Il 17 Gennaio 1884 Durand-Ruell accompagna Monet alla stazione di Parigi che, in procinto di salire sul treno, gli confida: “Parto pieno di ardore, ho l’impressione che farò cose meravigliose!”.
E così è stato: 50 tele fra le più belle di tutta la sua produzione, conservate nei più importanti musei del mondo, realizzate in 79 giorni, tanto è durato il suo soggiorno.

In quegli anni Bordighera era diventata una vivace cittadina grazie al successo del romanzo “Il dottor Antonio” di Giovanni Ruffini pubblicato anche in lingua inglese nel 1855 ed incentrato sulle vicende storiche dell’Italia risorgimentale. La descrizione della grande bellezza di questo angolo del Mediterraneo attirerà artisti, scrittori e l’alta aristocrazia europea che vi lascerà un’impronta indelebile con la costruzione di strade, di ville e di alberghi principeschi che trasformeranno radicalmente il piccolo borgo arroccato sul promontorio di Sant’Ampelio.

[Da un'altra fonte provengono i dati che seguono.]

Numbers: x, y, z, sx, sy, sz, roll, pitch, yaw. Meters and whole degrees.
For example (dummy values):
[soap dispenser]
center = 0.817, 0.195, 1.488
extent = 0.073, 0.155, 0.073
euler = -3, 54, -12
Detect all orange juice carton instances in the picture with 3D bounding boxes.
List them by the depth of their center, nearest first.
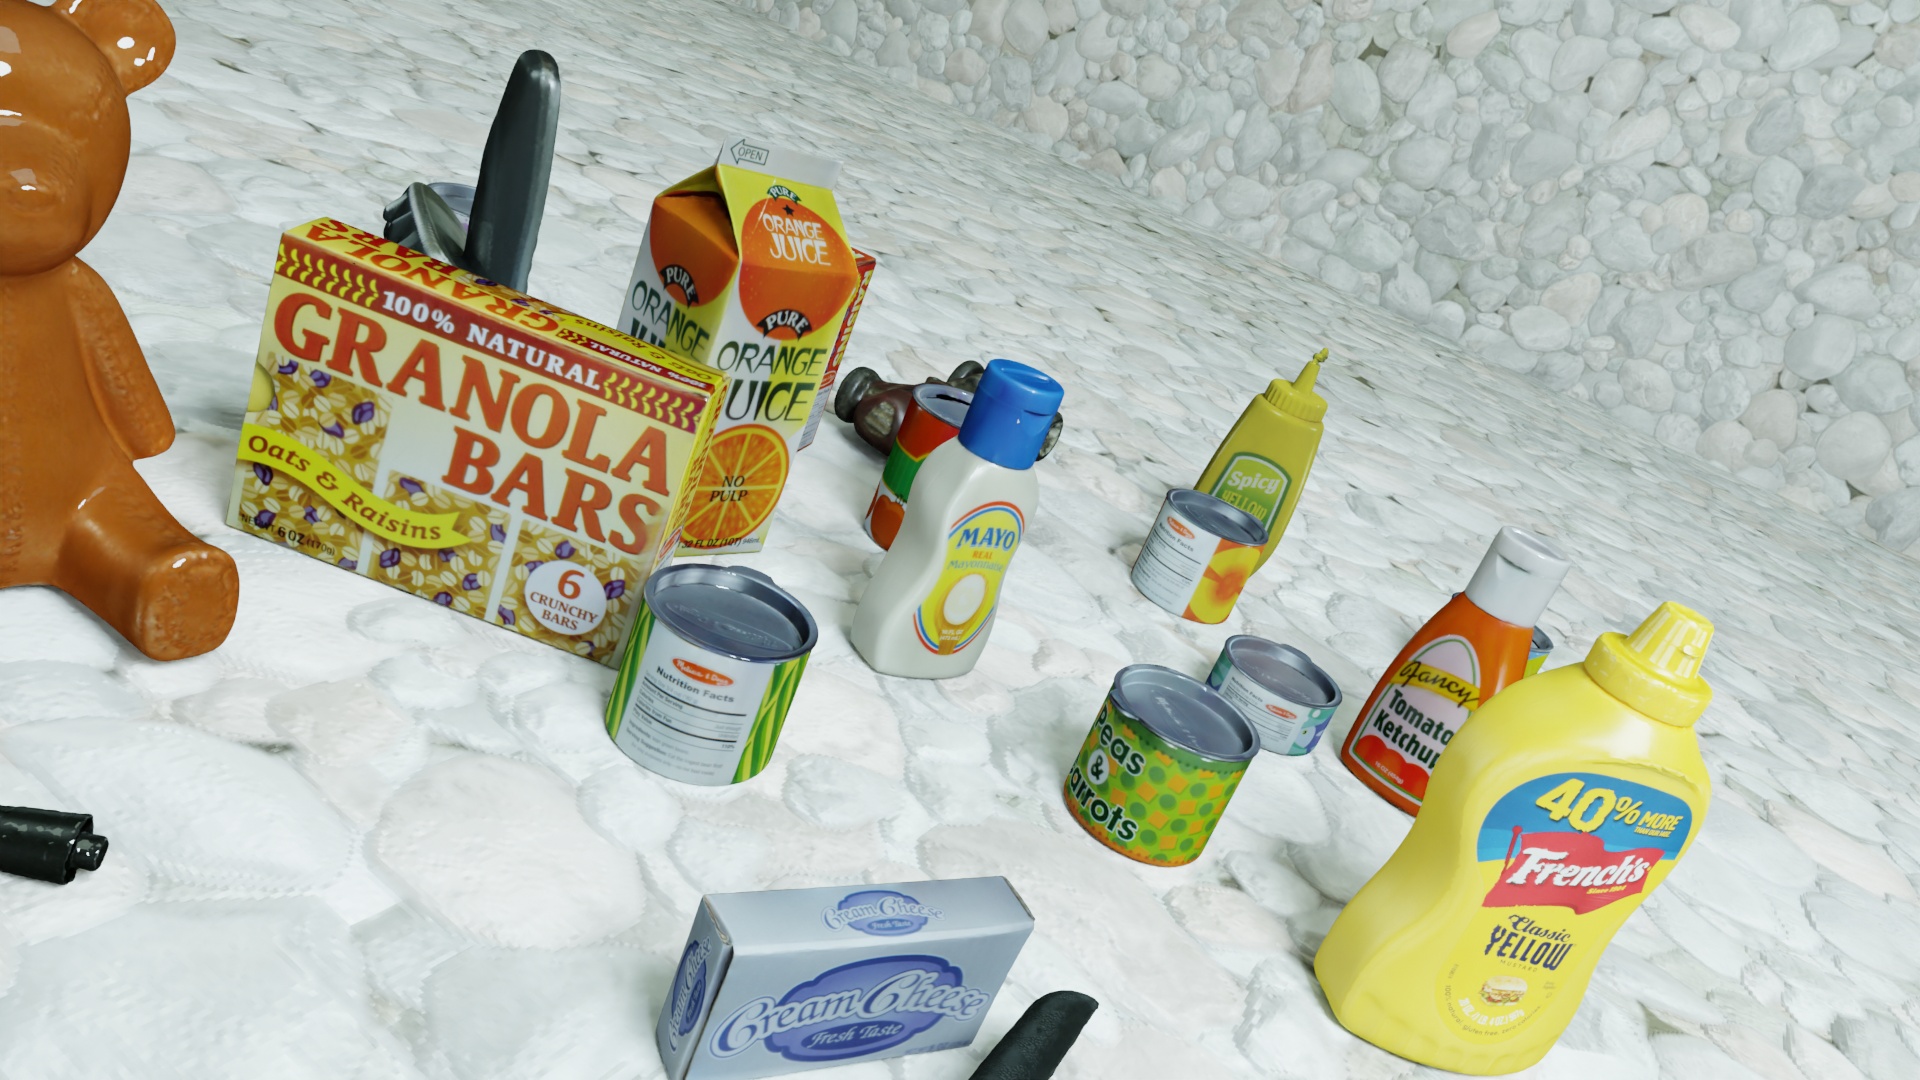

Sarà Charles Garnier, l’architetto dell’Opéra di Parigi, a pianificarne l’espansione dopo essere venuto ad abitare a Bordighera nel 1871.

Alla fine dell’Ottocento il numero degli stranieri supera quello dei locali. Sono, soprattutto, gli Inglesi ad arrivare realizzando, ad esempio, il secondo campo da tennis più antico del mondo dopo quello di Wimbledon. Ad attirarli è un clima decisamente eccezionale in cui la salsedine del mare incontra l’aria delle Alpi Marittime che svettano a pochi chilometri di distanza, nel mezzo una “selva di aranci, olivi, eucalipti e mimose”.

Famosissimo era anche il Giardino Moreno, creato da un commerciante di olio nonché agente consolare di Francia, che aveva cominciato a piantare i semi di molte specie esotiche. “Un giardino come quello non rassomiglia a niente, è semplicemente fantasmagorico, tutte le piante dell’universo sembrano crescervi spontaneamente!”, scrive Monet in una lettera.

Nella cittadina ligure arrivano, infatti, molti botanici come Ludwig Winter che contribuirà in modo decisivo allo sviluppo della floricoltura europea sperimentando nuove specie di rose, esportando le piante locali in tutto il continente e creando meravigliosi giardini per la città oltre che per facoltosi clienti come il Principe Hohenlohe, l’imperatrice Eugenia, la Contessa Foucher de Careil. Winter progetta anche il parco di Villa Etelinda – ritratta da Monet – dove, a partire dal 1879, risiede la Regina Margherita che aveva scelto Bordighera come sua residenza invernale.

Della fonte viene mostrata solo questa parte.